Hello there,
From time to time, I can see the nova_migrate_target container healthcheck failing with no obvious reasons.
Apparently, one over 2 checks is failing with no obvious reason:
Feb 17 16:12:31 overcloud-0-novacompute-0 systemd[1]: Starting nova_migration_target healthcheck...

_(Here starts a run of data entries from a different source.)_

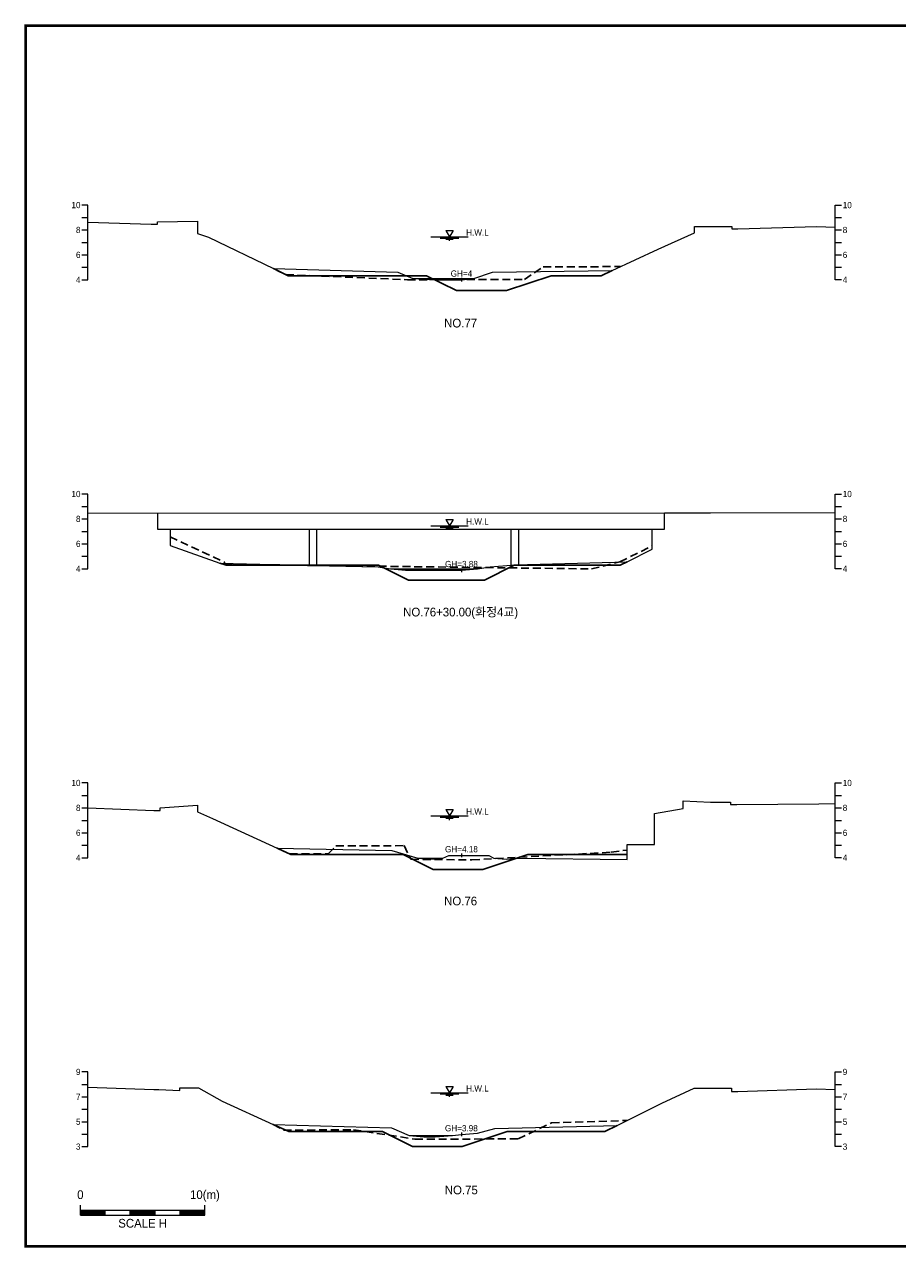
# Model space of a CAD drawing. Header units: metres. Extents: x 14497 to 21228, y -537 to 5153.
# Tile 31 of 40: x 17424 to 18125, y 1054 to 2036. Entities that reach past the tile are written whole.
import ezdxf
from ezdxf.enums import TextEntityAlignment as Align

# ---------------------------------------------------------------- set-up
doc = ezdxf.new("R2010")
doc.units = ezdxf.units.M
doc.linetypes.add('DASHED2', pattern=[9.525, 6.35, -3.175])
for name, color, linetype in [('96년횡단', 160, 'DASHED2'), ('BOX', 6, 'CONTINUOUS'), ('DT2', 7, 'CONTINUOUS'), ('SWL', 7, 'CONTINUOUS'), ('계획', 6, 'CONTINUOUS')]:
    doc.layers.add(name, color=color, linetype=linetype)
for name, color, linetype, lineweight in [('DT1', 3, 'CONTINUOUS', 0), ('GT1', 2, 'CONTINUOUS', 0), ('LT1', 4, 'CONTINUOUS', 0), ('ST1', 7, 'CONTINUOUS', 0)]:
    doc.layers.add(name, color=color, linetype=linetype, lineweight=lineweight)
doc.styles.get("Standard").update_dxf_attribs({"font": 'Gulim.ttf'})

# ---------------------------------------------------------------- blocks, each defined once
blk = doc.blocks.new('SWL')
at = {"layer": 'LT1'}
for p, q in [((-15, 0), (15, 0)), ((-3, 5.2), (3, 5.2)), ((-3, 5.2), (0, 0)), ((3, 5.2), (0, 0)), ((-7.5, -0.9), (7.5, -0.9)), ((-3, -1.8), (3, -1.8)), ((-0.38, -2.7), (0.38, -2.7))]:
    blk.add_line(p, q, dxfattribs=at)

msp = doc.modelspace()

# ---------------------------------------------------------------- linework, layer by layer
at = {"layer": '96년횡단'}
for p, q in [((17623.79, 1152.9), (17631.96, 1148.24)), ((17820.37, 1141.21), (17847.13, 1154.1)), ((17847.13, 1154.1), (17907.83, 1155.99)), ((17631.96, 1148.24), (17688.19, 1148.54)), ((17688.19, 1148.54), (17737.52, 1141.05)), ((17737.52, 1141.05), (17820.37, 1141.21))]:
    msp.add_line(p, q, dxfattribs=at)
for points in [[(17623.86, 1840), (17633.82, 1835.19), (17731.5, 1831.04), (17825.44, 1831.33)], [(17825.44, 1831.33), (17840.51, 1841.47), (17902.62, 1841.56)], [(17540.86, 1624.62), (17584.64, 1604.2), (17584.64, 1602.56), (17879.23, 1598.89), (17902, 1604.44), (17927.86, 1617.4)], [(17626.86, 1374.7), (17636.9, 1370.1), (17667.81, 1370.1), (17674.08, 1376.47), (17728.85, 1376.68), (17734.28, 1365.71), (17783.23, 1365.22), (17895.09, 1371.41), (17907.86, 1373.15)]]:
    msp.add_lwpolyline(points, dxfattribs=at)
at = {"layer": 'BOX', "const_width": 2}
msp.add_lwpolyline([(17425, 1055), (18825, 1055), (18825, 2035), (17425, 2035)], close=True, dxfattribs=at)
at = {"layer": 'DT1'}
for p, q in [((17735.86, 1832), (17784.86, 1832)), ((17530.86, 1643.7), (17937.86, 1643.8)), ((17540.86, 1630.7), (17927.86, 1630.8)), ((17652.86, 1601.68), (17652.86, 1630.73)), ((17658.86, 1601.54), (17658.86, 1630.73)), ((17814.86, 1601.88), (17814.86, 1630.77)), ((17820.86, 1602.18), (17820.86, 1630.77)), ((17717.86, 1598.8), (17787.86, 1598.8)), ((17739.86, 1366.7), (17759.86, 1366.7)), ((17732.79, 1144), (17767.79, 1144))]:
    msp.add_line(p, q, dxfattribs=at)
at = {"layer": 'GT1'}
for points in [[(17475, 1877.37), (17525.86, 1875.6), (17530.86, 1875.6), (17530.86, 1877.6), (17562.86, 1878.1), (17562.86, 1868.1), (17571.86, 1865.1), (17623.86, 1840), (17723.86, 1837.1), (17735.86, 1832), (17753.86, 1831), (17774.86, 1831), (17784.86, 1832), (17799.86, 1837), (17895.86, 1838.4), (17932.86, 1855.7), (17961.86, 1868.8), (17961.86, 1873.8), (17974.86, 1873.8), (17991.86, 1873.8), (17991.86, 1871.8), (17996.86, 1871.8), (18059.86, 1873.7), (18075, 1873.2)], [(17774.86, 1832.5), (17774.86, 1829.5)], [(17774.86, 1832.5), (17774.86, 1829.5)], [(17475, 1643.85), (17530.86, 1643.7), (17530.86, 1630.7), (17540.86, 1630.7), (17540.86, 1617.6), (17580.86, 1603.6), (17655.86, 1601.6), (17707.86, 1600.6), (17717.86, 1598.8), (17729.86, 1597.8), (17774.86, 1597.8), (17787.86, 1598.8), (17797.86, 1600.6), (17817.86, 1602.1), (17907.86, 1604.6), (17927.86, 1614.6), (17927.86, 1630.8), (17937.86, 1630.8), (17937.86, 1643.8), (17974.86, 1643.8), (18075, 1644.17)], [(17774.86, 1599.3), (17774.86, 1596.3)], [(17774.86, 1599.3), (17774.86, 1596.3)], [(17475, 1407.05), (17527.86, 1405), (17532.86, 1405), (17532.86, 1407), (17562.86, 1409.3), (17562.86, 1403.8), (17574.86, 1398.5), (17626.86, 1374.7), (17718.86, 1372.8), (17739.86, 1366.7), (17749.86, 1365.7), (17759.86, 1366.7), (17764.86, 1368.8), (17774.86, 1368.8), (17796.86, 1368.8), (17800.86, 1366.7), (17810.86, 1365.7), (17820.86, 1366.7), (17907.86, 1365.6), (17907.86, 1377.6), (17929.86, 1377.6), (17929.86, 1402.6), (17952.86, 1406.6), (17952.86, 1412.6), (17974.86, 1411.6), (17990.86, 1411.6), (17990.86, 1409.6), (17995.86, 1409.6), (18061.86, 1410.3), (18075, 1410.48)], [(17774.86, 1370.3), (17774.86, 1367.3)], [(17774.86, 1370.3), (17774.86, 1367.3)], [(17475, 1182.66), (17527.79, 1180.9), (17531.79, 1180.9), (17548.79, 1180.2), (17548.79, 1182.2), (17563.79, 1182.2), (17582.79, 1171.6), (17623.79, 1152.9), (17718.79, 1150), (17732.79, 1144), (17744.79, 1143), (17753.79, 1143), (17767.79, 1144), (17774.79, 1144.8), (17787.79, 1145.9), (17801.79, 1149.6), (17899.79, 1152), (17935.79, 1169.9), (17961.79, 1181.9), (17974.79, 1181.9), (17991.79, 1181.9), (17991.79, 1179.4), (17996.79, 1179.4), (18059.79, 1181.4), (18075, 1180.92)], [(17774.79, 1146.3), (17774.79, 1143.3)], [(17774.79, 1146.3), (17774.79, 1143.3)]]:
    msp.add_lwpolyline(points, dxfattribs=at)
at = {"layer": 'ST1'}
for p, q in [((17475, 1891), (17470, 1891)), ((17475, 1831), (17475, 1891)), ((18075, 1831), (18075, 1891)), ((18075, 1891), (18080, 1891)), ((17470, 1881), (17475, 1881)), ((18075, 1881), (18080, 1881)), ((17470, 1871), (17475, 1871)), ((18075, 1871), (18080, 1871)), ((17470, 1861), (17475, 1861)), ((18075, 1861), (18080, 1861)), ((17470, 1851), (17475, 1851)), ((18075, 1851), (18080, 1851)), ((17470, 1841), (17475, 1841)), ((18075, 1841), (18080, 1841)), ((17470, 1831), (17475, 1831)), ((18080, 1831), (18075, 1831)), ((17475, 1659), (17470, 1659)), ((17475, 1599), (17475, 1659)), ((18075, 1599), (18075, 1659)), ((18075, 1659), (18080, 1659)), ((17470, 1649), (17475, 1649)), ((18075, 1649), (18080, 1649)), ((17470, 1639), (17475, 1639)), ((18075, 1639), (18080, 1639)), ((17470, 1629), (17475, 1629)), ((18075, 1629), (18080, 1629)), ((17470, 1619), (17475, 1619)), ((18075, 1619), (18080, 1619)), ((17470, 1609), (17475, 1609)), ((18075, 1609), (18080, 1609)), ((17470, 1599), (17475, 1599)), ((18080, 1599), (18075, 1599)), ((17475, 1427), (17470, 1427)), ((17475, 1367), (17475, 1427)), ((18075, 1367), (18075, 1427)), ((18075, 1427), (18080, 1427)), ((17470, 1417), (17475, 1417)), ((18075, 1417), (18080, 1417)), ((17470, 1407), (17475, 1407)), ((18075, 1407), (18080, 1407)), ((17470, 1397), (17475, 1397)), ((18075, 1397), (18080, 1397)), ((17470, 1387), (17475, 1387)), ((18075, 1387), (18080, 1387)), ((17470, 1377), (17475, 1377)), ((18075, 1377), (18080, 1377)), ((17470, 1367), (17475, 1367)), ((18080, 1367), (18075, 1367)), ((17475, 1195), (17470, 1195)), ((17475, 1135), (17475, 1195)), ((18075, 1135), (18075, 1195)), ((18075, 1195), (18080, 1195)), ((17470, 1185), (17475, 1185)), ((18075, 1185), (18080, 1185)), ((17470, 1175), (17475, 1175)), ((18075, 1175), (18080, 1175)), ((17470, 1165), (17475, 1165)), ((18075, 1165), (18080, 1165)), ((17470, 1155), (17475, 1155)), ((18075, 1155), (18080, 1155)), ((17470, 1145), (17475, 1145)), ((18075, 1145), (18080, 1145)), ((17470, 1135), (17475, 1135)), ((18080, 1135), (18075, 1135)), ((17468.89, 1080), (17468.89, 1088)), ((17468.89, 1084), (17568.89, 1084)), ((17468.89, 1083), (17488.89, 1083)), ((17468.89, 1082), (17488.89, 1082)), ((17468.89, 1081), (17488.89, 1081)), ((17488.89, 1080), (17488.89, 1084)), ((17508.89, 1080), (17508.89, 1084)), ((17508.89, 1083), (17528.89, 1083)), ((17508.89, 1082), (17528.89, 1082)), ((17508.89, 1081), (17528.89, 1081)), ((17528.89, 1080), (17528.89, 1084)), ((17548.89, 1080), (17548.89, 1084)), ((17548.89, 1083), (17568.89, 1083)), ((17548.89, 1082), (17568.89, 1082)), ((17548.89, 1081), (17568.89, 1081)), ((17568.89, 1080), (17568.89, 1088)), ((17468.89, 1080), (17568.89, 1080))]:
    msp.add_line(p, q, dxfattribs=at)
at = {"layer": '계획'}
for points in [[(17623.86, 1840), (17623.86, 1840), (17635.66, 1834.3), (17746.91, 1834.3), (17770.91, 1822.3), (17810.91, 1822.3), (17846.91, 1834.3), (17887.09, 1834.3), (17895.86, 1838.4)], [(17580.86, 1603.6), (17586, 1601.8), (17708.26, 1601.8), (17732.26, 1589.8), (17793.26, 1589.8), (17817.26, 1601.8), (17902.26, 1601.8), (17907.86, 1604.6)], [(17626.86, 1374.7), (17626.86, 1374.7), (17637.95, 1369.62), (17728.14, 1369.62), (17752.14, 1357.62), (17792.14, 1357.62), (17828.14, 1369.62), (17907.86, 1369.62)], [(17623.79, 1152.9), (17623.79, 1152.9), (17636.38, 1147.16), (17711.47, 1147.16), (17735.47, 1135.16), (17775.47, 1135.16), (17811.47, 1147.16), (17890.06, 1147.16), (17899.79, 1152)]]:
    msp.add_lwpolyline(points, dxfattribs=at)

# ---------------------------------------------------------------- block references
at = {"layer": 'SWL'}
for p in [(17765.2, 1865.4), (17765.2, 1633.4), (17765.2, 1400.5), (17765.2, 1178.2)]:
    msp.add_blockref('SWL', p, dxfattribs=at)

# ---------------------------------------------------------------- texts
at = {"layer": 'DT1'}
for s, p in [('10', (17469, 1891)), ('8', (17469, 1871)), ('6', (17469, 1851)), ('4', (17469, 1831)), ('10', (17469, 1659)), ('8', (17469, 1639)), ('6', (17469, 1619)), ('4', (17469, 1599)), ('10', (17469, 1427)), ('8', (17469, 1407)), ('6', (17469, 1387)), ('4', (17469, 1367)), ('9', (17469, 1195)), ('7', (17469, 1175)), ('5', (17469, 1155)), ('3', (17469, 1135))]:
    msp.add_text(s, height=5, dxfattribs=at).set_placement(p, align=Align.MIDDLE_RIGHT)
for s, p in [('10', (18081, 1891)), ('8', (18081, 1871)), ('6', (18081, 1851)), ('4', (18081, 1831)), ('10', (18081, 1659)), ('8', (18081, 1639)), ('6', (18081, 1619)), ('4', (18081, 1599)), ('10', (18081, 1427)), ('8', (18081, 1407)), ('6', (18081, 1387)), ('4', (18081, 1367)), ('9', (18081, 1195)), ('7', (18081, 1175)), ('5', (18081, 1155)), ('3', (18081, 1135))]:
    msp.add_text(s, height=5, dxfattribs=at).set_placement(p, align=Align.MIDDLE_LEFT)
for s, p in [('GH=4', (17774.86, 1836)), ('GH=4', (17774.86, 1836)), ('GH=3.88', (17774.86, 1602.8)), ('GH=3.88', (17774.86, 1602.8)), ('GH=4.18', (17774.86, 1373.8)), ('GH=4.18', (17774.86, 1373.8)), ('GH=3.98', (17774.79, 1149.8)), ('GH=3.98', (17774.79, 1149.8))]:
    msp.add_text(s, height=5, dxfattribs=at).set_placement(p, align=Align.MIDDLE_CENTER)
for s, p in [('0', (17468.89, 1090.86)), ('10(m)', (17568.89, 1090.86))]:
    msp.add_text(s, height=7, dxfattribs=at).set_placement(p, align=Align.BOTTOM_CENTER)
msp.add_text('SCALE H', height=7, dxfattribs=at).set_placement((17518.89, 1077), align=Align.TOP_CENTER)
at = {"layer": 'DT2'}
for s, p in [('NO.77', (17774.2, 1796.22)), ('NO.76+30.00(화정4교)', (17774.2, 1564.22)), ('NO.76', (17774.2, 1332.22)), ('NO.75', (17774.74, 1100.22))]:
    msp.add_text(s, height=7, dxfattribs=at).set_placement(p, align=Align.MIDDLE_CENTER)
at = {"layer": 'LT1'}
for p in [(17787.7, 1868.98), (17787.7, 1636.98), (17787.7, 1404.08), (17787.7, 1181.78)]:
    msp.add_text('H.W.L', height=5, dxfattribs=at).set_placement(p, align=Align.MIDDLE_CENTER)

doc.saveas('drawing.dxf')

Feb 17 16:12:31 overcloud-0-novacompute-0 healthcheck_nova_migration_target[63200]: ++ : 10
Feb 17 16:12:31 overcloud-0-novacompute-0 healthcheck_nova_migration_target[63200]: ++ : curl-healthcheck
Feb 17 16:12:31 overcloud-0-novacompute-0 healthcheck_nova_migration_target[63200]: ++ : '\n%{http_code}' '%{remote_ip}:%{remote_port}' '%{time_total}' 'seconds\n'
Feb 17 16:12:31 overcloud-0-novacompute-0 healthcheck_nova_migration_target[63200]: ++ : /dev/null
Feb 17 16:12:31 overcloud-0-novacompute-0 healthcheck_nova_migration_target[63200]: + ps -e
Feb 17 16:12:31 overcloud-0-novacompute-0 healthcheck_nova_migration_target[63200]: + grep nova-compute
Feb 17 16:12:31 overcloud-0-novacompute-0 healthcheck_nova_migration_target[63200]: + process=sshd
Feb 17 16:12:31 overcloud-0-novacompute-0 healthcheck_nova_migration_target[63200]: + args=2022
Feb 17 16:12:31 overcloud-0-novacompute-0 healthcheck_nova_migration_target[63200]: + test_func=healthcheck_listen
Feb 17 16:12:31 overcloud-0-novacompute-0 healthcheck_nova_migration_target[63200]: + err_msg='There is no sshd process listening on port(s) 2022 in the container'
Feb 17 16:12:31 overcloud-0-novacompute-0 healthcheck_nova_migration_target[63200]: + healthcheck_listen sshd 2022
Feb 17 16:12:31 overcloud-0-novacompute-0 healthcheck_nova_migration_target[63200]: + process=sshd
Feb 17 16:12:31 overcloud-0-novacompute-0 healthcheck_nova_migration_target[63200]: + shift 1
Feb 17 16:12:31 overcloud-0-novacompute-0 healthcheck_nova_migration_target[63200]: + args=2022
Feb 17 16:12:31 overcloud-0-novacompute-0 healthcheck_nova_migration_target[63200]: + ports=2022
Feb 17 16:12:31 overcloud-0-novacompute-0 podman[63200]: 2020-02-17 16:12:31.558264431 +0000 UTC m=+0.253246818 container exec 509760be1073f5283dbe574451d667db8d7b7578483da3935273c3f132e6f642 (image=undercloud.ctlplane:8787/tripleomaster/centos-binary-nova-compute:current-tripleo, name=nova_migration_target)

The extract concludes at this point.